How Python and I met

I'm going to go on a pretty long tangent here. The first time I tried to learn programming, I was 10 and immature on top of having a bad teacher and the incredible misfortune of starting out with C++ in JGrasp on Windows. I enjoyed it at first but after the frustration of inscrutable error messages, my own lack of diligence, some arguments with my teacher about indentation and him giving me assignments I wasn't interested in, and never being able to see how the calculator and rock paper scissors programs I was writing could relate to anything practical, I quit.

Some time later, probably between 2 and 3 years, I tried again, this time with Java, using the BlueJ IDE. That lasted an even shorter time. Actually my memories are a bit blurred around this time period - I remember trying to learn Java on my own and lasting less than a week but also the same teacher trying to teach it to me, and getting far enough that we started working on a game we came up with called City Wars in the Netbeans IDE (but I still dropped it; we took on the project solely as a result of him being grossly overconfident in my abilities and doing 90% of the work because I couldn't understanding a thing he was doing). I'm not exactly sure how all that fits together; there might have been a few days or a year's gap between the two forays into Java.

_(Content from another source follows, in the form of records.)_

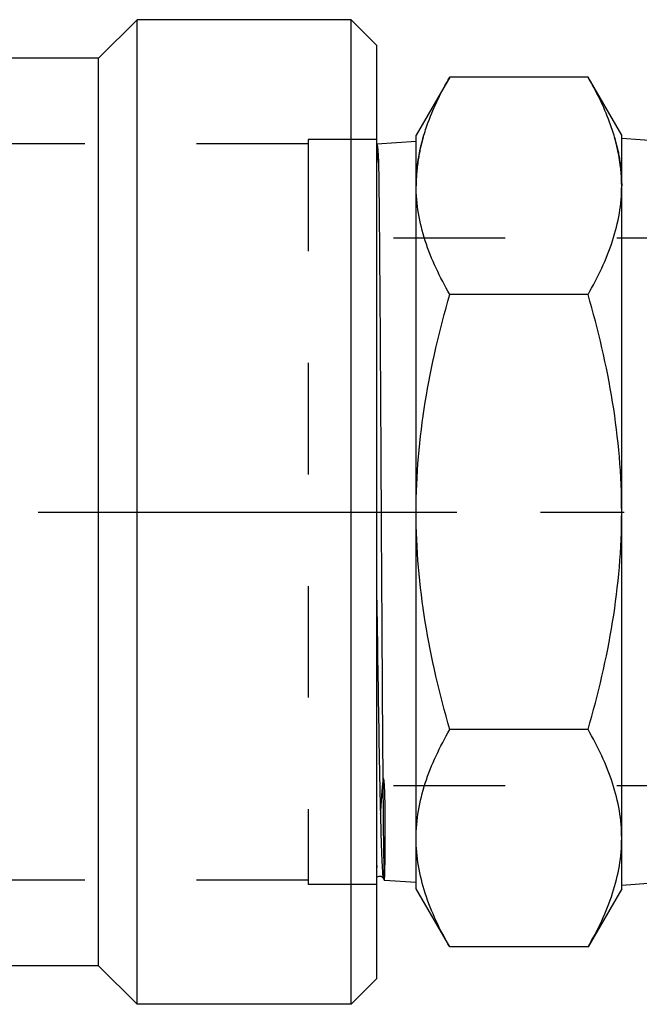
# Model space of a CAD drawing. Header units: millimetres. Extents: x 423 to 577, y 464 to 541.
# Tile 2 of 12: x 500 to 536, y 464 to 522. Entities that reach past the tile are written whole.
import ezdxf

# ---------------------------------------------------------------- set-up
doc = ezdxf.new("R2010")
doc.units = ezdxf.units.MM
doc.header["$LTSCALE"] = 65.185185
doc.linetypes.add('CENTER', pattern=[0.6, 0.375, -0.075, 0.075, -0.075])
doc.linetypes.add('HIDDEN', pattern=[0.2, 0.1, -0.1])
for name, color, linetype in [('ACHSEN_S', 7, 'CONTINUOUS'), ('FASEN', 7, 'CONTINUOUS'), ('KOERPER', 7, 'CONTINUOUS'), ('KONST.EL_MIT_GEO', 7, 'CONTINUOUS')]:
    doc.layers.add(name, color=color, linetype=linetype)

msp = doc.modelspace()

# ---------------------------------------------------------------- linework, layer by layer
at = {"layer": 'ACHSEN_S', "color": 2, "linetype": 'CENTER'}
msp.add_line((422.85, 492.975), (577.15, 492.975), dxfattribs=at)
at = {"layer": 'FASEN', "color": 7, "linetype": 'Continuous'}
for p, q in [((519.35, 464.225), (519.35, 521.725)), ((520.85, 520.225), (519.35, 521.725)), ((520.85, 465.725), (520.85, 520.225)), ((520.85, 465.725), (519.35, 464.225))]:
    msp.add_line(p, q, dxfattribs=at)
at = {"layer": 'KOERPER', "color": 7, "linetype": 'Continuous'}
for p, q in [((506.85, 521.725), (504.6, 519.475)), ((506.85, 464.225), (506.85, 521.725)), ((519.35, 521.725), (506.85, 521.725)), ((504.6, 519.475), (445.204, 519.475)), ((504.6, 466.475), (504.6, 519.475)), ((504.6, 466.475), (444.1, 466.475)), ((506.85, 464.225), (504.6, 466.475)), ((519.35, 464.225), (506.85, 464.225))]:
    msp.add_line(p, q, dxfattribs=at)
at = {"layer": 'KONST.EL_MIT_GEO', "color": 7, "linetype": 'Continuous'}
for p, q in [((525.115, 518.378), (523.15, 514.975)), ((533.185, 518.378), (525.115, 518.378)), ((535.15, 514.975), (533.185, 518.378)), ((523.15, 470.975), (523.15, 514.975)), ((535.15, 470.975), (535.15, 514.975)), ((537.308, 514.637), (535.15, 514.78)), ((523.15, 514.614), (520.85, 514.461)), ((533.185, 505.677), (525.115, 505.677)), ((533.185, 480.273), (525.115, 480.273)), ((521.293, 471.46), (521.295, 471.459)), ((523.15, 471.336), (521.295, 471.459)), ((525.115, 467.572), (523.15, 470.975)), ((535.15, 470.975), (533.185, 467.572)), ((536.962, 471.29), (535.15, 471.17)), ((533.185, 467.572), (525.115, 467.572))]:
    msp.add_line(p, q, dxfattribs=at)
at = {"layer": 'KONST.EL_MIT_GEO', "color": 8, "linetype": 'HIDDEN'}
for p, q in [((520.85, 514.725), (516.85, 514.725)), ((516.85, 514.725), (516.85, 471.225)), ((520.85, 471.225), (520.85, 514.725)), ((516.85, 514.475), (486.35, 514.475)), ((520.866, 514.408), (520.85, 514.431)), ((520.85, 514.037), (520.906, 514.143)), ((520.906, 514.143), (520.873, 514.191)), ((554.418, 508.975), (520.85, 508.975)), ((554.418, 476.975), (520.85, 476.975)), ((521.229, 471.584), (521.293, 471.46)), ((516.85, 471.475), (486.35, 471.475)), ((520.85, 471.225), (516.85, 471.225))]:
    msp.add_line(p, q, dxfattribs=at)
msp.add_lwpolyline([(520.85, 471.645), (520.856, 471.651), (520.894, 471.678)], dxfattribs=at)
at = {"layer": 'KONST.EL_MIT_GEO', "color": 7, "linetype": 'Continuous'}
msp.add_lwpolyline([(520.894, 471.678), (520.939, 471.698), (520.989, 471.71), (521.042, 471.709), (521.091, 471.699), (521.132, 471.68), (521.167, 471.657), (521.192, 471.634), (521.209, 471.615), (521.22, 471.599), (521.228, 471.586), (521.229, 471.584)], dxfattribs=at)
msp.add_arc((498.578, 511.75), 22.434, 4.14157, 4.99941, dxfattribs=at)
at = {"layer": 'KONST.EL_MIT_GEO', "color": 8, "linetype": 'HIDDEN'}
msp.add_arc((497.827, 474.045), 23.108, 355.0846, 355.73017, dxfattribs=at)
at = {"layer": 'KONST.EL_MIT_GEO', "color": 7, "linetype": 'Continuous'}
for points, knots in [([(523.565, 514.861), (523.651, 515.161), (524.055, 516.38), (524.629, 517.537), (525.115, 518.378)], [0, 0, 0, 0, 0.243182, 1, 1, 1, 1]), ([(534.735, 514.861), (534.649, 515.161), (534.245, 516.38), (533.671, 517.537), (533.185, 518.378)], [0, 0, 0, 0, 0.243182, 1, 1, 1, 1]), ([(523.15, 512.028), (523.15, 512.265), (523.186, 513.221), (523.365, 514.17), (523.565, 514.861)], [0, 0, 0, 0, 0.247871, 1, 1, 1, 1]), ([(535.15, 512.028), (535.15, 512.265), (535.114, 513.221), (534.935, 514.17), (534.735, 514.861)], [0, 0, 0, 0, 0.247871, 1, 1, 1, 1]), ([(520.873, 514.191), (520.875, 514.175), (520.885, 514.104), (520.893, 514.034), (520.899, 513.979)], [0, 0, 0, 0, 0.223414, 1, 1, 1, 1]), ([(520.899, 513.979), (520.902, 513.958), (520.911, 513.867), (520.92, 513.776), (520.926, 513.705)], [0, 0, 0, 0, 0.229389, 1, 1, 1, 1]), ([(520.953, 513.37), (520.957, 513.104), (520.979, 511.64), (520.992, 510.177), (521.002, 508.98)], [0, 0, 0, 0, 0.182237, 1, 1, 1, 1]), ([(525.115, 505.677), (524.539, 506.674), (523.793, 508.221), (523.244, 510.399), (523.15, 511.489), (523.15, 512.028)], [0, 0, 0, 0, 0.514153, 0.759424, 1, 1, 1, 1]), ([(533.185, 505.677), (533.761, 506.674), (534.507, 508.221), (535.056, 510.399), (535.15, 511.489), (535.15, 512.028)], [0, 0, 0, 0, 0.514153, 0.759424, 1, 1, 1, 1]), ([(521.002, 508.98), (521.03, 505.67), (521.074, 498.445), (521.123, 489.403), (521.168, 482.136), (521.198, 477.646), (521.231, 474.322), (521.252, 472.532), (521.271, 471.88)], [0, 0, 0, 0, 0.267651, 0.584237, 0.73115, 0.855296, 0.947239, 1, 1, 1, 1]), ([(523.15, 492.975), (523.15, 495.122), (523.525, 499.423), (524.519, 503.613), (525.115, 505.677)], [0, 0, 0, 0, 0.499896, 1, 1, 1, 1]), ([(535.15, 492.975), (535.15, 495.122), (534.775, 499.423), (533.781, 503.613), (533.185, 505.677)], [0, 0, 0, 0, 0.499896, 1, 1, 1, 1]), ([(525.115, 480.273), (524.519, 482.337), (523.525, 486.527), (523.15, 490.828), (523.15, 492.975)], [0, 0, 0, 0, 0.500104, 1, 1, 1, 1]), ([(533.185, 480.273), (533.781, 482.337), (534.775, 486.527), (535.15, 490.828), (535.15, 492.975)], [0, 0, 0, 0, 0.500104, 1, 1, 1, 1]), ([(520.85, 487.828), (520.864, 486.81), (520.917, 483.193), (520.973, 479.577), (521.026, 476.978)], [0, 0, 0, 0, 0.281324, 1, 1, 1, 1]), ([(523.15, 473.922), (523.15, 474.461), (523.244, 475.551), (523.793, 477.729), (524.539, 479.276), (525.115, 480.273)], [0, 0, 0, 0, 0.240576, 0.485848, 1, 1, 1, 1]), ([(535.15, 473.922), (535.15, 474.461), (535.056, 475.551), (534.507, 477.729), (533.761, 479.276), (533.185, 480.273)], [0, 0, 0, 0, 0.240576, 0.485848, 1, 1, 1, 1]), ([(521.026, 476.978), (521.04, 476.27), (521.068, 475.021), (521.108, 473.567), (521.143, 472.662), (521.165, 472.189), (521.189, 471.858), (521.205, 471.684), (521.217, 471.623)], [0, 0, 0, 0, 0.396033, 0.699604, 0.814082, 0.902636, 0.964711, 1, 1, 1, 1]), ([(525.115, 467.572), (524.539, 468.569), (523.793, 470.116), (523.244, 472.294), (523.15, 473.384), (523.15, 473.922)], [0, 0, 0, 0, 0.514153, 0.759424, 1, 1, 1, 1]), ([(533.185, 467.572), (533.761, 468.569), (534.507, 470.116), (535.056, 472.294), (535.15, 473.384), (535.15, 473.922)], [0, 0, 0, 0, 0.514153, 0.759424, 1, 1, 1, 1]), ([(521.217, 471.623), (521.218, 471.618), (521.221, 471.605), (521.225, 471.592), (521.229, 471.584)], [0, 0, 0, 0, 0.324746, 1, 1, 1, 1]), ([(521.271, 471.88), (521.272, 471.832), (521.277, 471.701), (521.279, 471.569), (521.289, 471.486)], [0, 0, 0, 0, 0.36163, 1, 1, 1, 1]), ([(521.289, 471.486), (521.289, 471.482), (521.29, 471.474), (521.291, 471.465), (521.293, 471.46)], [0, 0, 0, 0, 0.366302, 1, 1, 1, 1])]:
    msp.add_open_spline(points, degree=3, knots=knots, dxfattribs=at)
at = {"layer": 'KONST.EL_MIT_GEO', "color": 8, "linetype": 'HIDDEN'}
for points, knots in [([(523.565, 514.861), (523.449, 514.459), (523.233, 513.525), (523.15, 512.566), (523.15, 512.028)], [0, 0, 0, 0, 0.436952, 1, 1, 1, 1]), ([(534.735, 514.861), (534.851, 514.459), (535.067, 513.525), (535.15, 512.566), (535.15, 512.028)], [0, 0, 0, 0, 0.436952, 1, 1, 1, 1]), ([(520.85, 514.398), (520.851, 514.402), (520.853, 514.407), (520.857, 514.411), (520.859, 514.412)], [0, 0, 0, 0, 0.635043, 1, 1, 1, 1]), ([(520.85, 514.391), (520.852, 514.378), (520.862, 514.312), (520.868, 514.245), (520.873, 514.191)], [0, 0, 0, 0, 0.189557, 1, 1, 1, 1]), ([(520.859, 514.412), (520.86, 514.412), (520.863, 514.411), (520.865, 514.409), (520.866, 514.408)], [0, 0, 0, 0, 0.41589, 1, 1, 1, 1]), ([(520.866, 514.408), (520.871, 514.4), (520.878, 514.372), (520.894, 514.285), (520.901, 514.205), (520.906, 514.143)], [0, 0, 0, 0, 0.108687, 0.310742, 1, 1, 1, 1]), ([(520.906, 514.143), (520.91, 514.096), (520.931, 513.839), (520.943, 513.581), (520.953, 513.37)], [0, 0, 0, 0, 0.183731, 1, 1, 1, 1]), ([(521.34, 472.947), (521.342, 473.099), (521.346, 473.422), (521.349, 473.934), (521.35, 474.502), (521.346, 475.124), (521.34, 475.676), (521.331, 476.144), (521.323, 476.449), (521.314, 476.699), (521.307, 476.859), (521.3, 476.988), (521.294, 477.086), (521.286, 477.186), (521.278, 477.267), (521.269, 477.328), (521.261, 477.358), (521.253, 477.398), (521.228, 477.367), (521.224, 477.337), (521.209, 477.279), (521.199, 477.198), (521.187, 477.1), (521.177, 477.003), (521.164, 476.874), (521.15, 476.716), (521.136, 476.528), (521.118, 476.283), (521.09, 475.872), (521.055, 475.311), (521.017, 474.678), (520.984, 474.097), (520.953, 473.573), (520.917, 472.988), (520.89, 472.578), (520.871, 472.324)], [0, 0, 0, 0, 0.047768, 0.101572, 0.161256, 0.226653, 0.297578, 0.335056, 0.373848, 0.393733, 0.413944, 0.424174, 0.434488, 0.444893, 0.455403, 0.46072, 0.463336, 0.466411, 0.46907, 0.471667, 0.47693, 0.487345, 0.497678, 0.507933, 0.518111, 0.538235, 0.558047, 0.577545, 0.615578, 0.687704, 0.754396, 0.815454, 0.870698, 0.919963, 1, 1, 1, 1]), ([(521.229, 471.584), (521.23, 471.581), (521.235, 471.574), (521.246, 471.586), (521.25, 471.604), (521.258, 471.634), (521.264, 471.677), (521.275, 471.759), (521.286, 471.891), (521.3, 472.087), (521.313, 472.332), (521.327, 472.624), (521.336, 472.834), (521.34, 472.947)], [0, 0, 0, 0, 0.007164, 0.013479, 0.02722, 0.049531, 0.080618, 0.12053, 0.226821, 0.368285, 0.544668, 0.755443, 1, 1, 1, 1]), ([(521.295, 471.459), (521.297, 471.459), (521.298, 471.471), (521.301, 471.485), (521.303, 471.516), (521.308, 471.577), (521.312, 471.686), (521.318, 471.849), (521.323, 472.059), (521.329, 472.315), (521.335, 472.616), (521.338, 472.832), (521.34, 472.947)], [0, 0, 0, 0, 0.00428, 0.016178, 0.035913, 0.063508, 0.142267, 0.252335, 0.393484, 0.565456, 0.767811, 1, 1, 1, 1])]:
    msp.add_open_spline(points, degree=3, knots=knots, dxfattribs=at)

doc.saveas('drawing.dxf')

Fast-forward to when I'm 15, my old teacher sent me a book: *Python Programming For The Absolute Beginner* by Michael Dawson. He told me I might like Python because "it does a lot *for* you". And lo and behold, was he right. Before long I had written a Hangman game and a Tic Tac Toe game almost completely on my own, and not too long after, Pixeldodge, a simple game in Pygame where the players had to avoid red enemies.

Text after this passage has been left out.